作品
一章 櫻霞月・拾
心が軋んで潰れてしまいそうだった。
彼が戸惑ってることはわかってた。
それについては仕方ないと思ってた。
でも、時間をかければ……少しずつでいいコミュニケーションを増やしていけば、解消すると信じていたのに。
『俺は加護女など必要なかったのに』
胸に突き刺さった言葉。
彼に必要とされているのだと、信じていた。
『越前リョーマ』としてはともかく、加護女という存在としては。
世界にとって、何より北辰王にとって加護女の存在は唯一無二。
彼の加護女になるために、この天領に喚ばれたと思ってた。
今すぐには無理でも、きっと自分という存在も受け入れてもらえると……
天帝でも、西王母でも、この天領という世界でもなく……彼が……手塚が自分をこの世界に喚んでくれたのだと……
(…………信じてたんじゃない…………信じていたかったんだ……俺は)
真珠を腕に抱いたまま、走って走って……
とにかくリョーマは、ここじゃないどこかへ行ってしまいたかった。
今は誰とも、会いたくなくて。
一人になりたかったのだ。
でも、とうとう力尽きて、その場に膝を付いてしまう。
もっと走らなきゃ。
もっと遠くへ。
もっともっと、逃げてしまいたかった。
なのにもう、立ち上がる力さえない。
「うっ……ひぃっく……」
堪えようと思う先から、嗚咽は唇を突いて零れ落ちる。
涙なんて流したのは、何年ぶりだろう。
泣きたくなんてない。
だからどんなに悔しくても、涙を零したことなんてなかったのに。
膝を付いた拍子にリョーマの腕を抜け出た真珠が、心配そうにくるると鳴きながら主の様子を伺っている。

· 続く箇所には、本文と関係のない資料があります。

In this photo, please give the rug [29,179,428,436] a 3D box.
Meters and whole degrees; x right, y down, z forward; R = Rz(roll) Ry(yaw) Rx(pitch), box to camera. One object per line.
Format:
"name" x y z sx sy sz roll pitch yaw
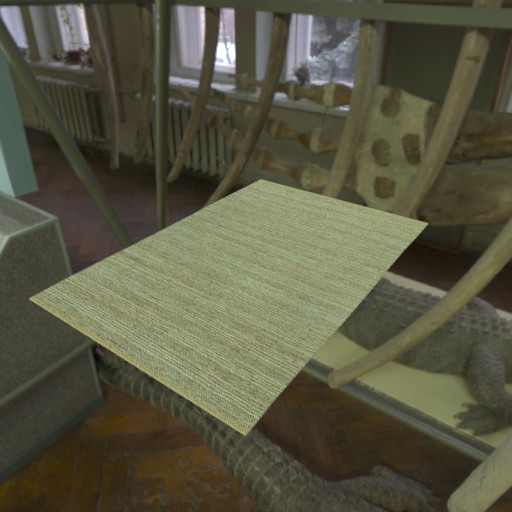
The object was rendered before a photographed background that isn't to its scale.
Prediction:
"rug" 0.000 0.000 2.341 1.240 0.010 1.824 20 37 30

偶然夜の庭で出逢ったとき、思いもかけず話すことができて本当に嬉しかった。
ぎこちなかったし、会話は続かなかったけど、これならきっと仲良くなれるって思えた。
次の日に真珠を贈られたのは、びっくりしたけど、やっぱり嬉しくて……カルピンと同じくらい、否、それ以上に大切に可愛がろうと決めた。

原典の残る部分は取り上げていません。